Elia Gran Mar 20, 2018

Two hundred thousand women filled the streets of Barcelona with purple on March 8. It was International Women’s Day and they were joining in Spain’s first women’s strike and the largest day of protest by women in Spanish history. Women of all ages chanted, smiled, sang and held onto one another. Many of the participants had hand-painted feminists symbols on their hands and faces.

As they passed storefront mannequins, they chanted in unison  “La talla 38 me apreta el chocho.” (“The size 38 is very tight on my vagina.”), a reference to the small pants sizes women are expected to wear and which were modeled by the mannequins

“Visca, visca, visca la lluita feministe.” (“Hurray, hurray, hurray, to the feminist fight)” chanted a large group in Catalán as they sat in the public square in front of City Hall where they were joined by the leftist mayor, Ada Colau.

The women in Barcelona were not alone. In more than 120 Spanish cities, women rallied under the slogan, “If we stop, the world stops.” The main organizers of the rallies who put out the call for the strike, the 8M Committee, demanded equal rights and opportunities for all women.

In Madrid, 170,000 people participated. In Bilbao, capital of the Basque province, up to 60,000 rallied with thousands of women singing “A La Huelga” (To The Strike) — a protest anthem sung by student groups during the dictatorship (1939-1975) of Gen. Francisco Franco.

No political parties led the women’s strike, and there were hardly any nationalist flags present. Peaceful, festive and with drums being played, women picked up and echoed chants blaring from megaphones: We’re tired of the normalized repression women suffer under capitalism, they affirmed,  tired of working without getting paid, tired of not getting our work recognized and tired of a system that frames women as a reason for poverty. The acceptance of the diversity of women — including lesbian and trans women — was one of the main demands of the strike’s manifesto.

To ensure the strike’s success, an instruction manual was shared on social media telling men what their role was during the strike — to do all the tasks normally done by women including taking care of the children while working a full day at their paying jobs — so that women could rally and make their voices heard.

Some commentators compared the women’s strike to 15M, a decentralized protest movement that erupted across Spain in May 2011 that arose in opposition to austerity and was led by youthful “indignados” whose actions helped to inspire Occupy Wall Street.

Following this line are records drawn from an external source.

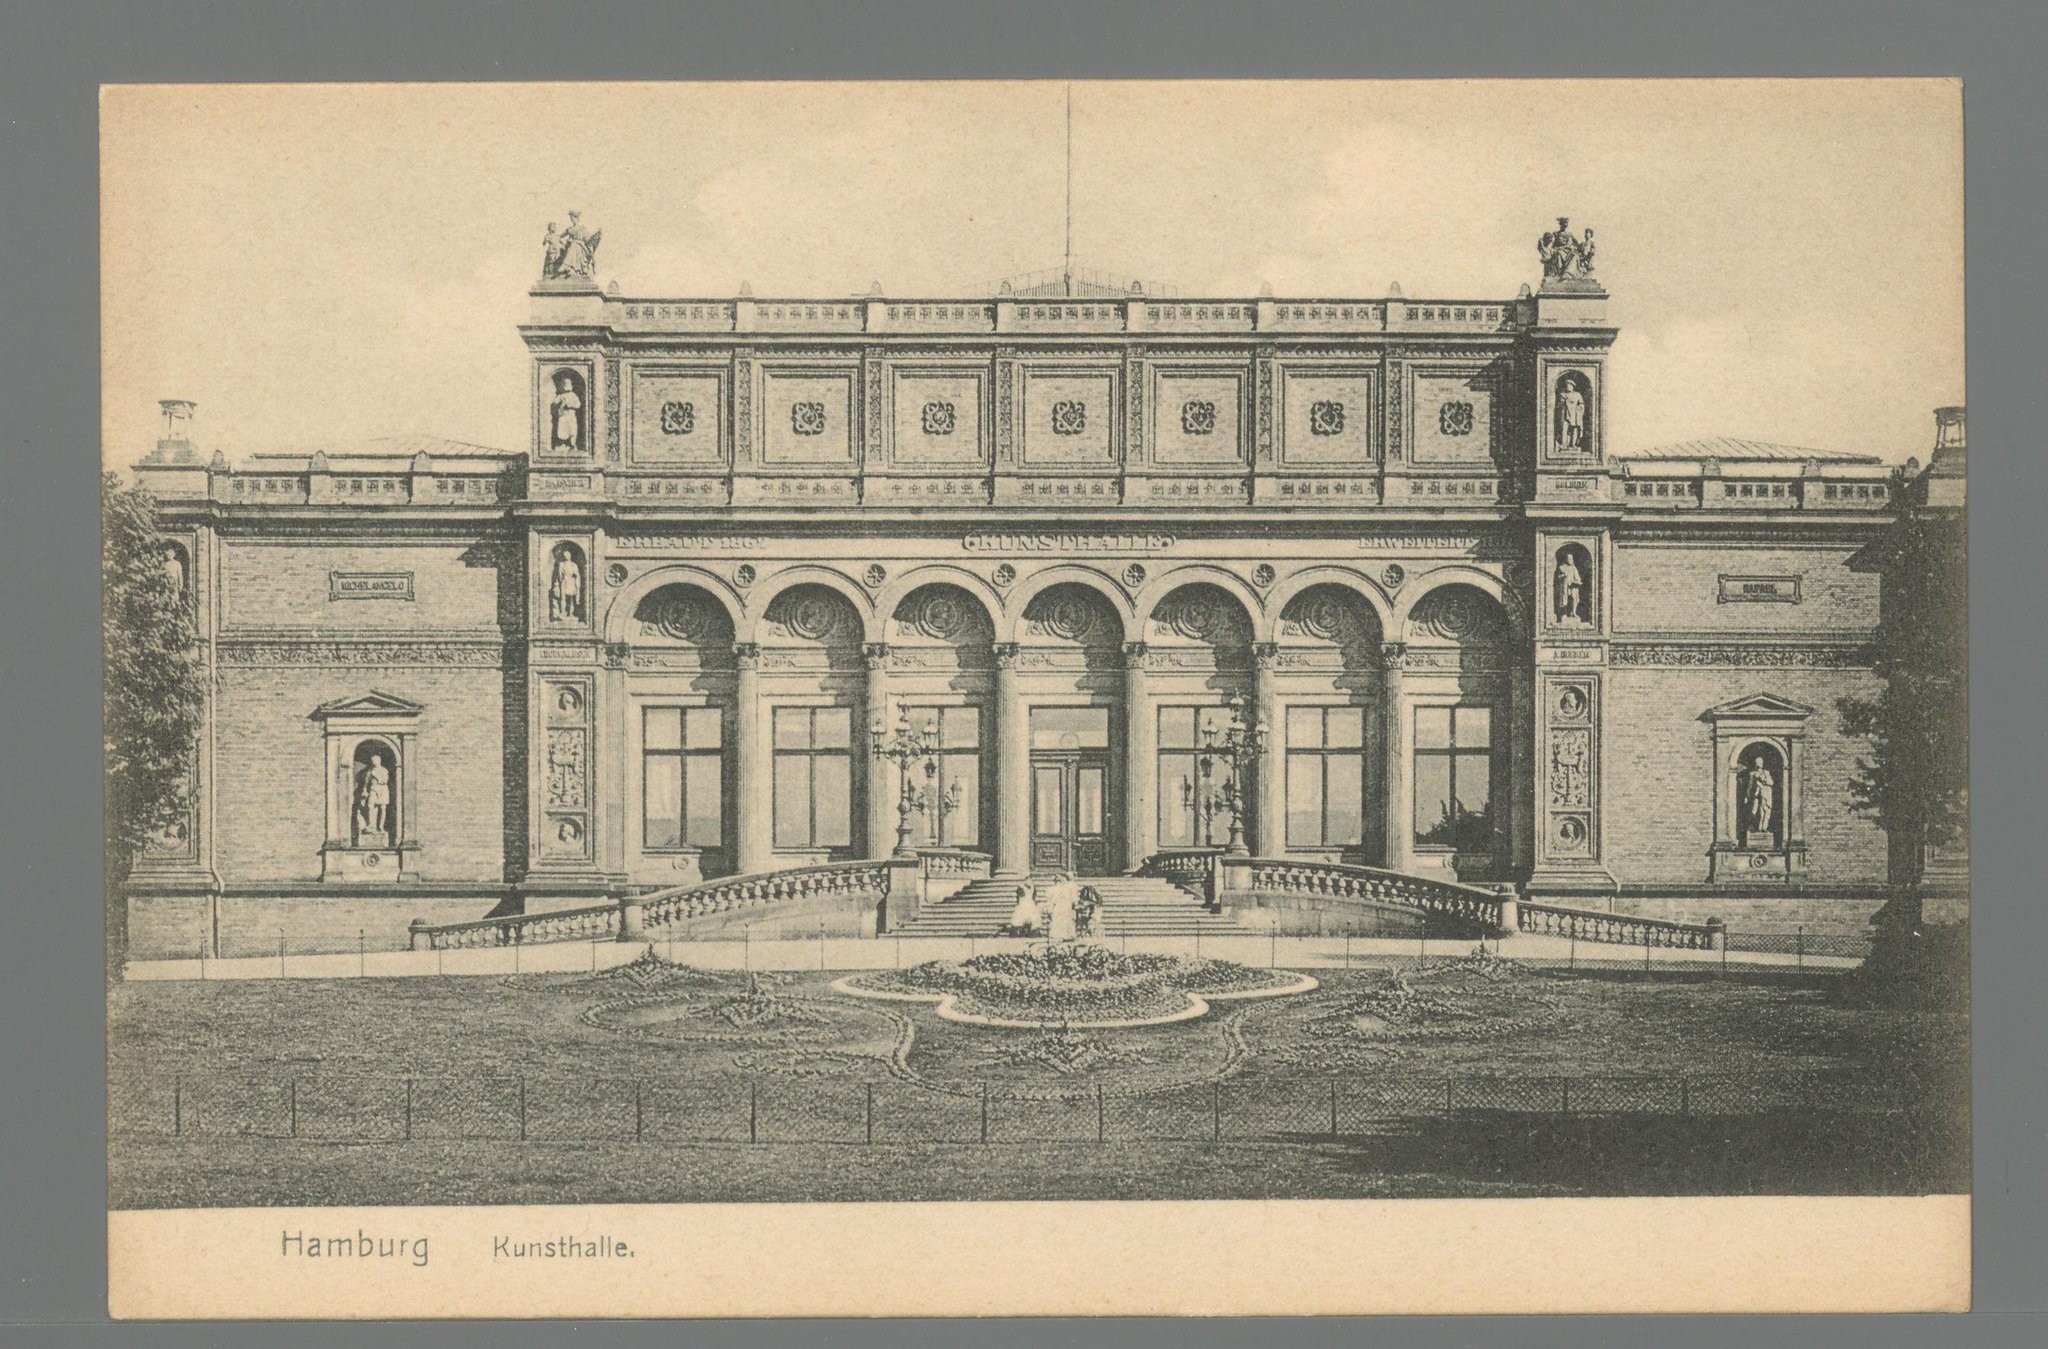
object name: photomechanical print
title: Hamburg. Kunsthalle
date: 1905
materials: cardboard
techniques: photograph
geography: hamburg
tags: permanent exhibition, museum
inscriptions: date

So, why did women in Spain strike?

Women’s strikes took place around the globe on March 8 including in New York City where hundreds of women rallied in Washington Square Park in the late afternoon and early evening. But nowhere were the protests as large and far-reaching in Spain.

Why?

‘Women are sick and tired of putting up with Spain’s repressive government.’

Historically, Spain has been a deeply hierarchical society that developed over many centuries under the thumb of the monarchy and the Catholic Church. There is also a rich tradition of resisting domination from workers revolts in 1830, to the founding of anarcho-syndicalist unions, to fighting a bloody civil war against fascism in the 1930s, to resisting the Franco dictatorship, to building a brand new democracy beginning in the 1970s, all the way up to the rise of 15M in 2011. However, the International Women’s Day strike was fueled above all by women’s exasperation with their present circumstances.

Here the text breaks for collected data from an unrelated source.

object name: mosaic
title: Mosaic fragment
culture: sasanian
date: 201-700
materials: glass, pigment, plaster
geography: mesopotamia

In Spain, women earn 13 percent less than men on average while spending 2.5 more hours per day doing domestic work, according to the Foundation for Applied Economic Studies. There is a 23 percent earnings gap between the genders.

When asked in a January radio interview about why women’s salaries lagged behind those of men, Spain’s conservative Prime Minister Mariano Rajoy said that it was none of his government’s business how much companies paid their employees.

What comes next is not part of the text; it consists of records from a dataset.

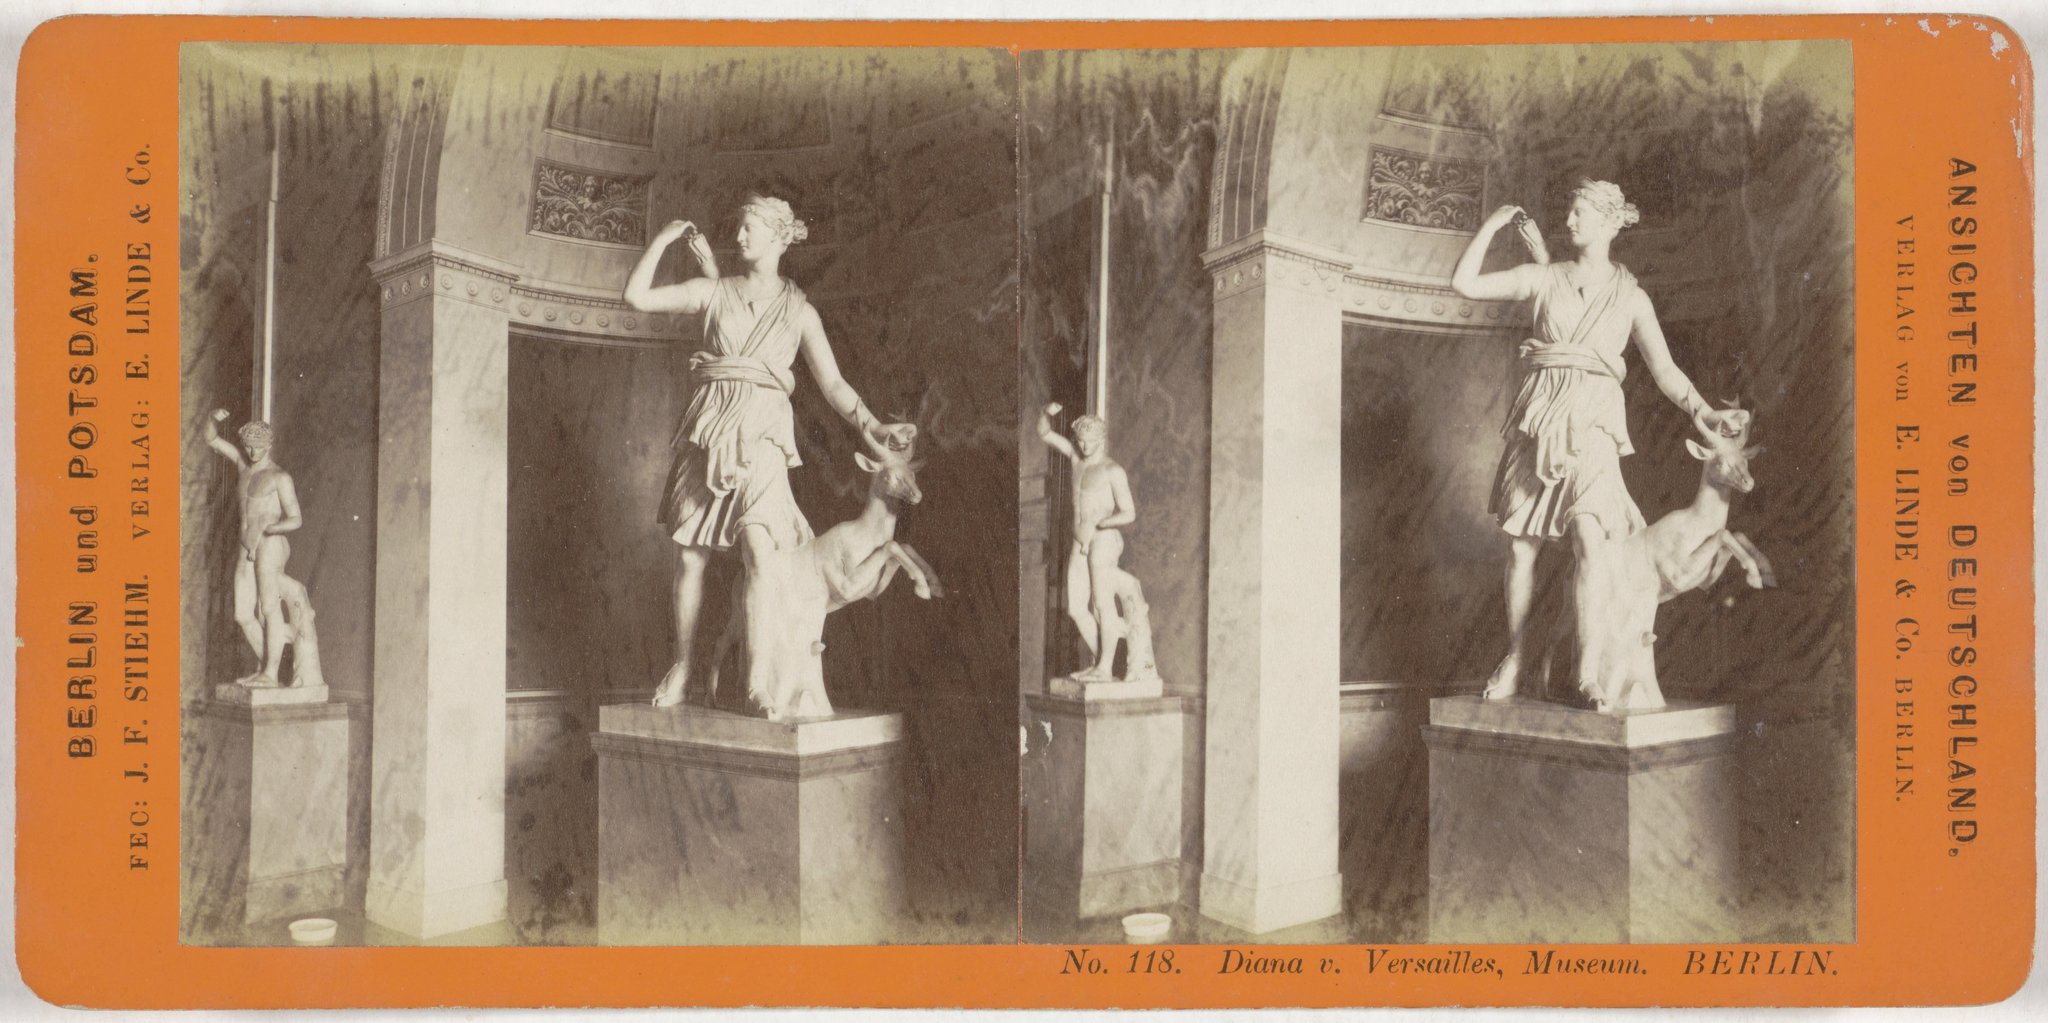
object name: stereograph
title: Ansichten von Deutschland / Berlin und Potsdam
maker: johann friedrich stiehm
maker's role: fotograaf
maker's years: 1826-1902
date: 1868-1870
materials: cardboard, paper
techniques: albumen print
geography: berlin
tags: diana hunting, permanent exhibition, museum, sculpture
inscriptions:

“[Women] are sick and tired of putting up with Spain’s repressive government,” Pilar Rodriguez, a Spanish anthropologist and lawyer, told The Indypendent.

The indifference to women’s well-being is also reflected in the impunity of men who abuse and kill their partners. About 50 women per year are killed by their partners who go on to face little or no legal consequences in Spain. The case of a young woman who was raped in 2017 by five men during the bullfighting celebration in Pamplona stirred further outrage when videos of the rapists laughing after the assault were found on their cell phones.

The events of March 8 stood out for the wide variety of organizations that backed it including from male-led labor unions that have until now been disconnected from contemporary social movements and have not previously made challenging gender-based discrimination a priority.

‘You would turn on the TV and it was all men reporting on the women’s rally because the women journalists were on strike.’

Feminist groups were initially reluctant to involve labor unions, according to Rodriguez, but later came around to the idea. For the unions, the realization that women were going to strike en masse prompted them to come out in support.  

The UGT and the CC.OO, the nation’s two largest unions, carried out two strikes of two hours each during the busiest hours in the morning and in the afternoon. More radical unions like CNT and the CGT supported a 24-hour strike.  

Many schools went on strike and public transportation ran with reduced service. One of the most high-profile strikes took place in the media industry.

“You would turn on the TV and it was all men reporting on the women’s rally because the women journalists were on strike,” Rodriguez said.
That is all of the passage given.